Les personnes qui travaillent chez eux peuvent manquer des opportunités d’élargir leur expertise, ce qui pourrait avoir un impact sur leur carrière, à court et à long terme. Cela pourrait conduire à une disparité et à une ségrégation des connaissances surtout en début de carrière.
Trop de travail à distance aurait également des implications négatives importantes sur l’innovation qui émerge souvent des échanges d’idées entre équipes.
Cela ne signifie pas que toute collaboration doit être locale.
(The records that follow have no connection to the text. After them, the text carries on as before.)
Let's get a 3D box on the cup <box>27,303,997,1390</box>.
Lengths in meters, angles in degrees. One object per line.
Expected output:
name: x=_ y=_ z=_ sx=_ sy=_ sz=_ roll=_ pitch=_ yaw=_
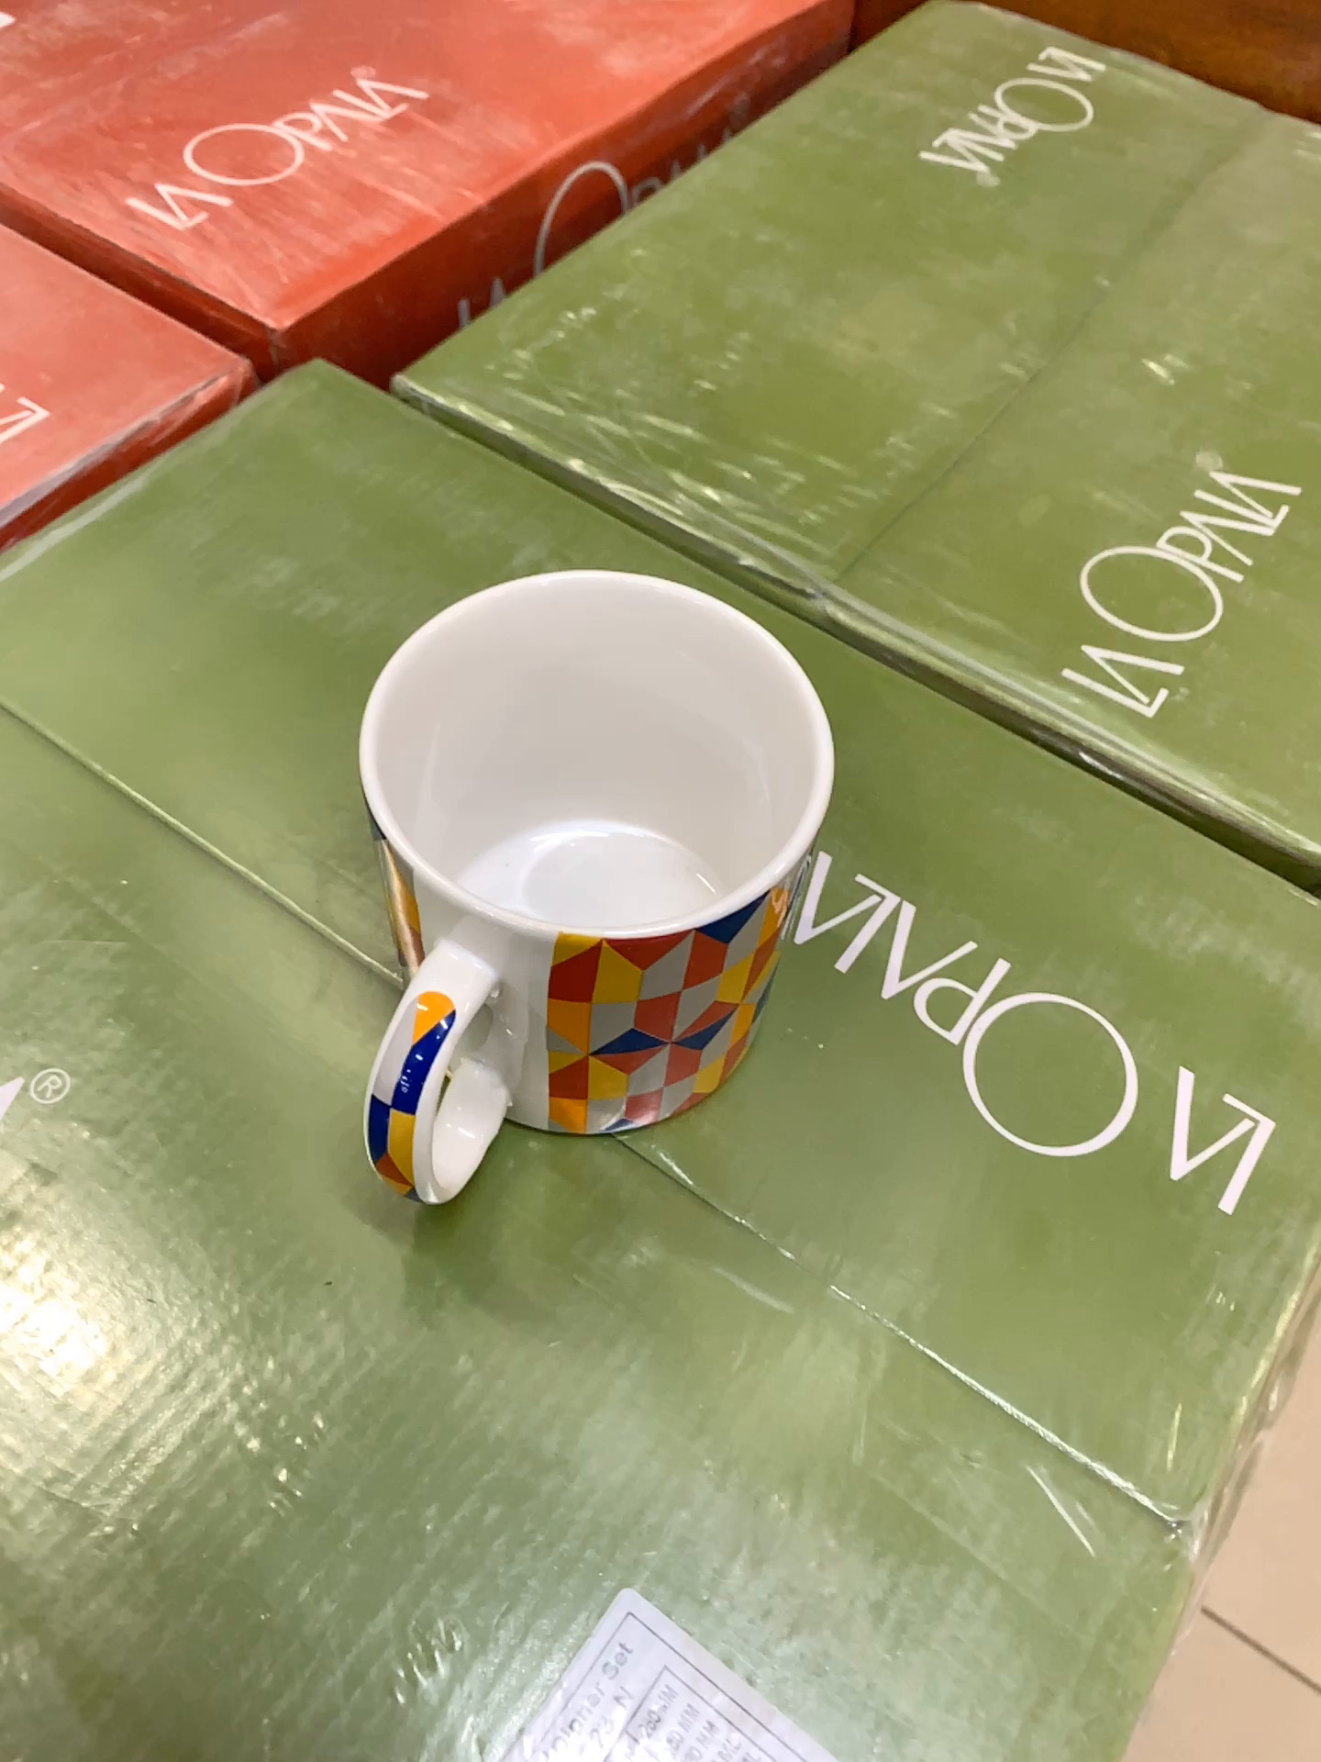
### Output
cup: x=-0.013 y=-0.007 z=0.232 sx=0.090 sy=0.100 sz=0.130 roll=18 pitch=55 yaw=9

L’apprentissage peut aussi se faire à distance, mais ce n’est pas la même chose que de travailler ensemble, en personne, et ce ne serait-ce que des points de vue du rythme d’apprentissage, de l’ampleur des progrès enregistrés, des défis surmontés et de la qualité des concepts et idées clés développés.
En conclusion, l’on suggère que les entreprises doivent trouver le bon équilibre entre le fait que les employés travaillent à domicile, où ils peuvent être productifs, et celui de les convier au bureau, où ils peuvent travailler ensemble pour créer de nouvelles connaissances.
Les entreprises axées sur l’innovation doivent être particulièrement attentives à trouver le bon équilibre.
Les organisations qui cherchent à élargir leur portefeuille de connaissances doivent également envisager d’établir des bureaux dans les régions où sont localisées ces dernières.
Il faut rassembler les gens pour qu’ils puissent échanger des idées en personne car l’être humain est incroyablement doué pour apprendre l’un de l’autre, en particulier dans les domaines pouvant conduire à des innovations, quelles que soient leur nature (incrémentales, technologiques, radicales).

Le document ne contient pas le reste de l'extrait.